== PROBLEM REQUIREMENTS ==
Extract the text of each entry below exactly, leaving every image behind.

=====

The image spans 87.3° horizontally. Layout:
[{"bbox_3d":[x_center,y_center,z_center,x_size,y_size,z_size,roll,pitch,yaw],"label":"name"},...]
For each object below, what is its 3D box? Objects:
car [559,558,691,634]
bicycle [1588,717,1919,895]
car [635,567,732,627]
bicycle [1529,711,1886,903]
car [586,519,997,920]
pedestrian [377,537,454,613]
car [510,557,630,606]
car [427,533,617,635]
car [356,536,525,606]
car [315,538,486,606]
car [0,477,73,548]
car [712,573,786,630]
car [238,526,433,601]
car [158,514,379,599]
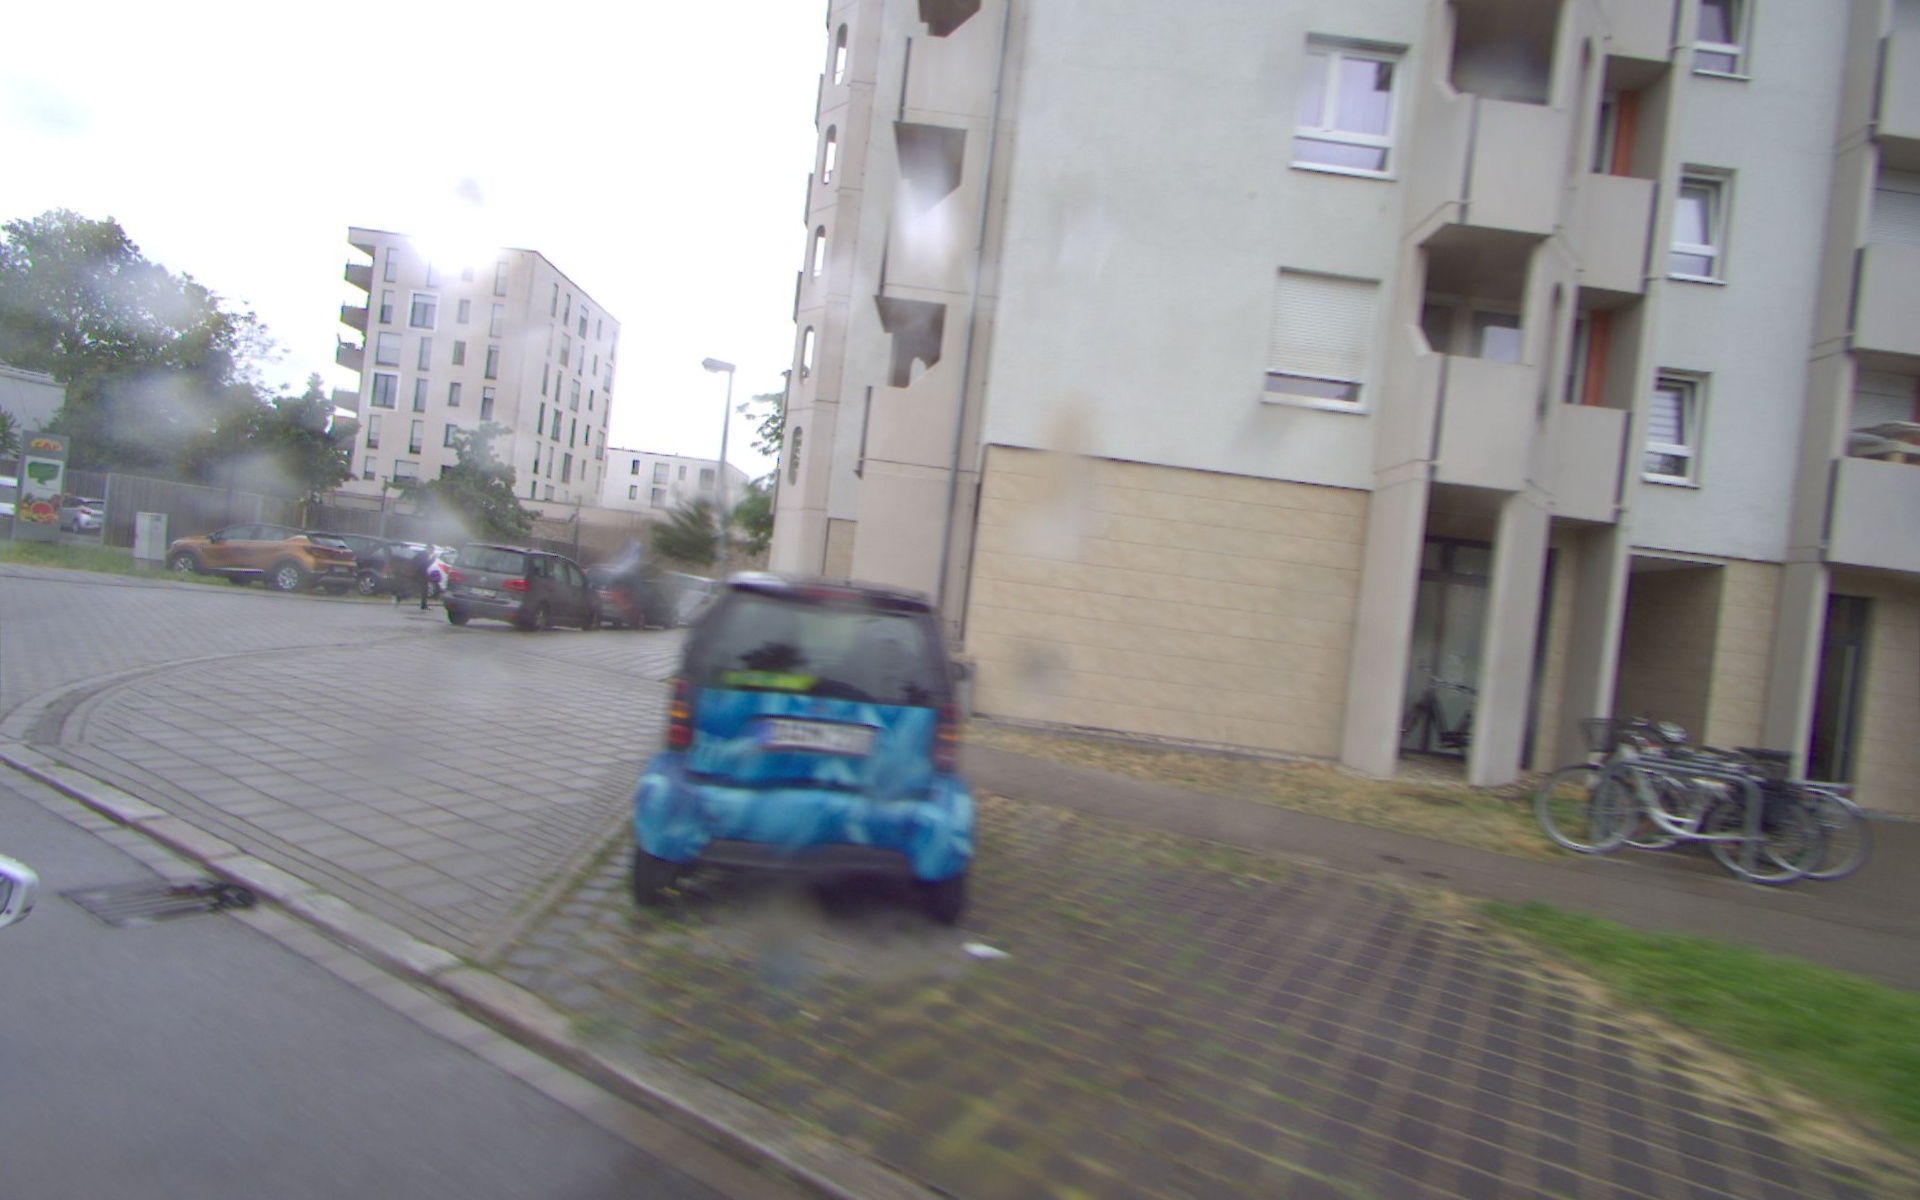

=====

== REPLY TO THE EXERCISE ==
The image spans 87.3° horizontally. Layout:
[{"bbox_3d":[x_center,y_center,z_center,x_size,y_size,z_size,roll,pitch,yaw],"label":"name"},...]
For each object below, what is its 3D box? Objects:
car [559,558,691,634]
bicycle [1588,717,1919,895]
car [635,567,732,627]
bicycle [1529,711,1886,903]
car [586,519,997,920]
pedestrian [377,537,454,613]
car [510,557,630,606]
car [427,533,617,635]
car [356,536,525,606]
car [315,538,486,606]
car [0,477,73,548]
car [712,573,786,630]
car [238,526,433,601]
car [158,514,379,599]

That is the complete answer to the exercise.